The rise of the Association of Southeast Asian Nations (ASEAN) is inevitable and China should use the opportunity to tighten links with the region and generate benefits for all.
So wrote Sun Mingchun, vice president of the Chinese Financial Association of Hong Kong, in the Hong Kong Economic Journal, the parent publication of EJ Insight.
Sun identified four main areas of potential for China, chief among them ASEAN’s need to upgrade its infrastructure. The huge fixed investment will offer great opportunities for Chinese industry, ranging from steel and glass to machinery and transport equipment. Taking advantage of that potential could have the added benefit of absorbing China’s excess capacity and helping the country with its own economic upgrade, he said.
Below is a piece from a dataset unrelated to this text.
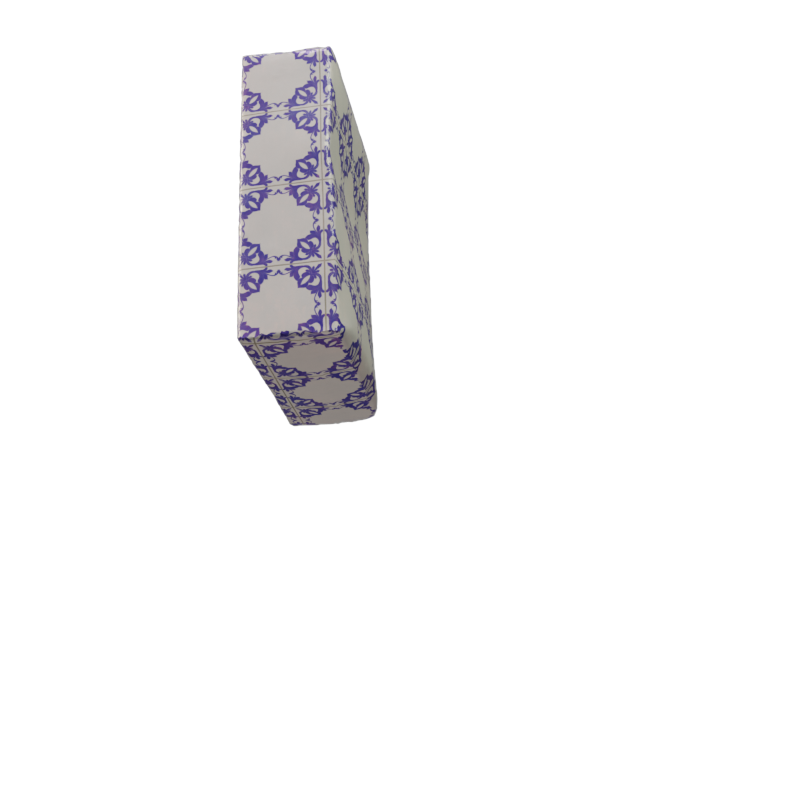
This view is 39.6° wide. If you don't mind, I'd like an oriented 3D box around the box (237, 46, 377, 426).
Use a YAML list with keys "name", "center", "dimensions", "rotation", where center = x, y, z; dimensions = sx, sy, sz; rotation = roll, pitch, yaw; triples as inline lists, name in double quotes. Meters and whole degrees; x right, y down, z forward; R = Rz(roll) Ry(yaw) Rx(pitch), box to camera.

ASEAN’s consumer markets are another area that mainland corporates should focus on. Sun expects it will take years for ASEAN to achieve a sizable output in capital-intensive sectors like cars, electrical appliances and smartphones, so sales potential for made-in-China products should be great. Good value-for-money Chinese goods are exactly what ASEAN consumers want right now, he said. That assessment is supported by ASEAN’s place as the 10th-biggest consumer market in the world, with the region’s domestic consumption amounting to as much as 46 percent of China’s, Sun said.
Then there is the issue of wages. Annual labor costs in China have skyrocketed in recent years to be on average US$2,000 more than those in Thailand and the Philippines in 2012, and US$3,000 above Vietnam’s average. The gap was even bigger in comparisons with Indonesia and Cambodia.
Sun said it is true that rising production costs are hurting China’s manufacturers and exporters, but ASEAN is home to a young and skilled labor force and firms in China should make the most of the cost advantage by moving some of their production lines to these countries. If China’s manufacturers don’t make the move, their competitors will, he said.
Finally, ASEAN’s economic growth is bringing huge demand for capital and foreign exchange — and investment opportunities for China. Energy and resources are two of the promising areas, Sun said. ASEAN countries have also been very receptive to using the renminbi as a currency for trade settlement, investment and financing. The region therefore can play a key role in speeding up renminbi internationalization, Sun said.